A mí me extraña algo, la gente ve la realidad y no le parece tan dura, pero ve la caricatura y dice “waoo qué dura, qué fuerte”. Me pregunto si a esas personas no les parece dura la realidad, el tema de la salud en Venezuela, que no haya insumos médicos. ¿Qué es más fuerte: el dibujo o la realidad? Y me respondo o me doy cuenta de lo importante que es el dibujo para mover la sensibilidad.

VIN DE TABLE: Es creyente de la humanidad y sensible a la injusticia. Se rodea de personas muy especiales. ¿En la amistad encuentra lo que le falta a la humanidad?

Es como un ecosistema, un regalo del azar y de lo espontáneo en la vida. La familia que está ahí porque conectaste con esa persona. Me molesta cuando no hay ese cuido a la sensibilidad humana. Es una constante en las personas que quiero me rodeen, que pueda contar algo que me sensibilice y lo puedan entender y no les parezca algo raro. Me parecen fundamentales los códigos de encuentro, y como es electivo, pues más aún.
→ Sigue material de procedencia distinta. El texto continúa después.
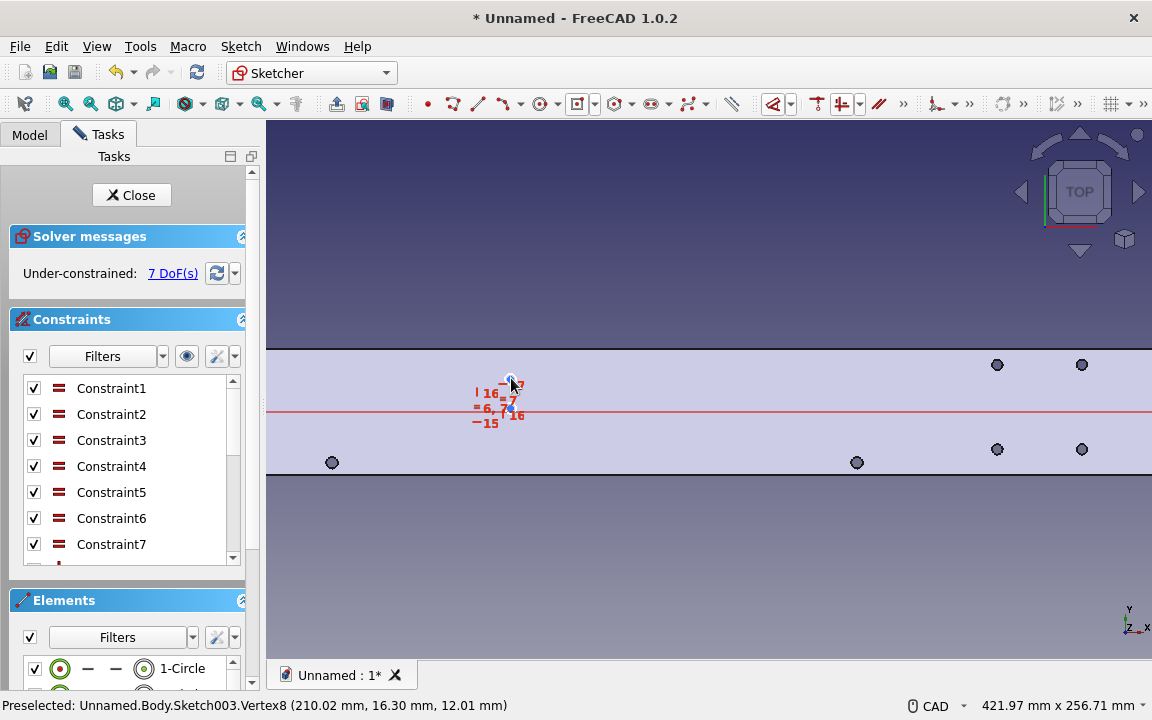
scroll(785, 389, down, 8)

 ¿Cuándo eres espléndidamente Rayma?

Este año que pasó decidí que iba a ser feliz, fue como una tarea a elaborar. Uno debe permitirse la vida espléndida y no estoy hablando de lo material, es permitirte un momento, ya sea con alguien que te quiere o hasta las mismas tristezas llevarlas a un cofre de complicidad. Vivo en un país con tantos problemas, pero decido ser feliz bajo esos parámetros que me tocaron, tampoco me voy a entregar a una tragedia. Creo que hay que ser espléndido con la vida, porque es mi tiempo y es el tiempo que me tocó. No va a haber otro.